● **Source data**:
━━━━━━━━━━━━━━━━━━━━━━━━━━━━━━

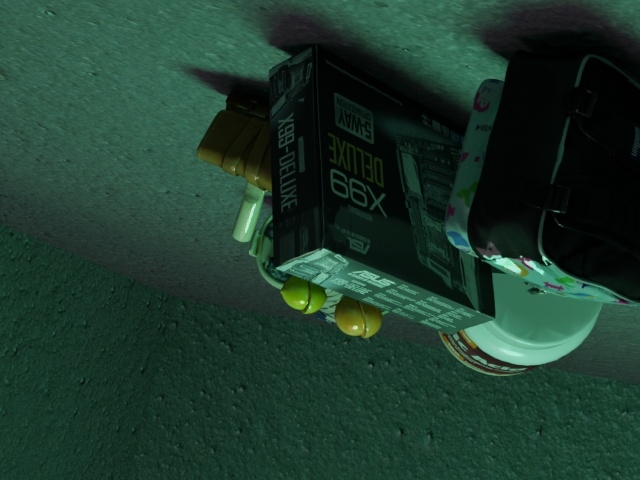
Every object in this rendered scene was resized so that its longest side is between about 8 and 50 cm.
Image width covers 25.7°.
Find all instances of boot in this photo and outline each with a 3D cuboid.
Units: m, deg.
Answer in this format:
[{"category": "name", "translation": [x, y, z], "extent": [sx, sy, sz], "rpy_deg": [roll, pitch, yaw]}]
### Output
[{"category": "boot", "translation": [-0.044, -0.082, 1.703], "extent": [0.220, 0.283, 0.109], "rpy_deg": [21, 128, -3]}]

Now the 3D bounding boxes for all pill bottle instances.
[{"category": "pill bottle", "translation": [0.299, 0.084, 2.120], "extent": [0.224, 0.224, 0.392], "rpy_deg": [13, 171, 1]}]

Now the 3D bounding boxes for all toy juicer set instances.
[{"category": "toy juicer set", "translation": [0.000, 0.000, 2.004], "extent": [0.329, 0.089, 0.209], "rpy_deg": [43, 126, -4]}]

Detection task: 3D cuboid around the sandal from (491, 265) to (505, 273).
[{"category": "sandal", "translation": [0.188, -0.016, 1.854], "extent": [0.445, 0.168, 0.107], "rpy_deg": [10, 166, 15]}]

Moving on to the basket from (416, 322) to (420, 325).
[{"category": "basket", "translation": [0.083, -0.006, 2.102], "extent": [0.227, 0.204, 0.154], "rpy_deg": [23, 154, 9]}]

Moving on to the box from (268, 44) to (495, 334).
[{"category": "box", "translation": [0.072, -0.049, 1.579], "extent": [0.076, 0.242, 0.307], "rpy_deg": [-22, 149, 36]}]

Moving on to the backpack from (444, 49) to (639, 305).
[{"category": "backpack", "translation": [0.258, -0.051, 1.377], "extent": [0.253, 0.225, 0.191], "rpy_deg": [20, 171, -37]}]

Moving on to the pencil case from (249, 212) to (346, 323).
[{"category": "pencil case", "translation": [0.000, 0.048, 2.551], "extent": [0.183, 0.160, 0.410], "rpy_deg": [-4, 167, 13]}]

━━━━━━━━━━━━━━━━━━━━━━━━━━━━━━

● **WORK ORDER**:
Each line of the data above must be reproduced as written. Skip the pictures.

● **ANSWER BOX**:
Every object in this rendered scene was resized so that its longest side is between about 8 and 50 cm.
Image width covers 25.7°.
Find all instances of boot in this photo and outline each with a 3D cuboid.
Units: m, deg.
Answer in this format:
[{"category": "name", "translation": [x, y, z], "extent": [sx, sy, sz], "rpy_deg": [roll, pitch, yaw]}]
### Output
[{"category": "boot", "translation": [-0.044, -0.082, 1.703], "extent": [0.220, 0.283, 0.109], "rpy_deg": [21, 128, -3]}]

Now the 3D bounding boxes for all pill bottle instances.
[{"category": "pill bottle", "translation": [0.299, 0.084, 2.120], "extent": [0.224, 0.224, 0.392], "rpy_deg": [13, 171, 1]}]

Now the 3D bounding boxes for all toy juicer set instances.
[{"category": "toy juicer set", "translation": [0.000, 0.000, 2.004], "extent": [0.329, 0.089, 0.209], "rpy_deg": [43, 126, -4]}]

Detection task: 3D cuboid around the sandal from (491, 265) to (505, 273).
[{"category": "sandal", "translation": [0.188, -0.016, 1.854], "extent": [0.445, 0.168, 0.107], "rpy_deg": [10, 166, 15]}]

Moving on to the basket from (416, 322) to (420, 325).
[{"category": "basket", "translation": [0.083, -0.006, 2.102], "extent": [0.227, 0.204, 0.154], "rpy_deg": [23, 154, 9]}]

Moving on to the box from (268, 44) to (495, 334).
[{"category": "box", "translation": [0.072, -0.049, 1.579], "extent": [0.076, 0.242, 0.307], "rpy_deg": [-22, 149, 36]}]

Moving on to the backpack from (444, 49) to (639, 305).
[{"category": "backpack", "translation": [0.258, -0.051, 1.377], "extent": [0.253, 0.225, 0.191], "rpy_deg": [20, 171, -37]}]

Moving on to the pencil case from (249, 212) to (346, 323).
[{"category": "pencil case", "translation": [0.000, 0.048, 2.551], "extent": [0.183, 0.160, 0.410], "rpy_deg": [-4, 167, 13]}]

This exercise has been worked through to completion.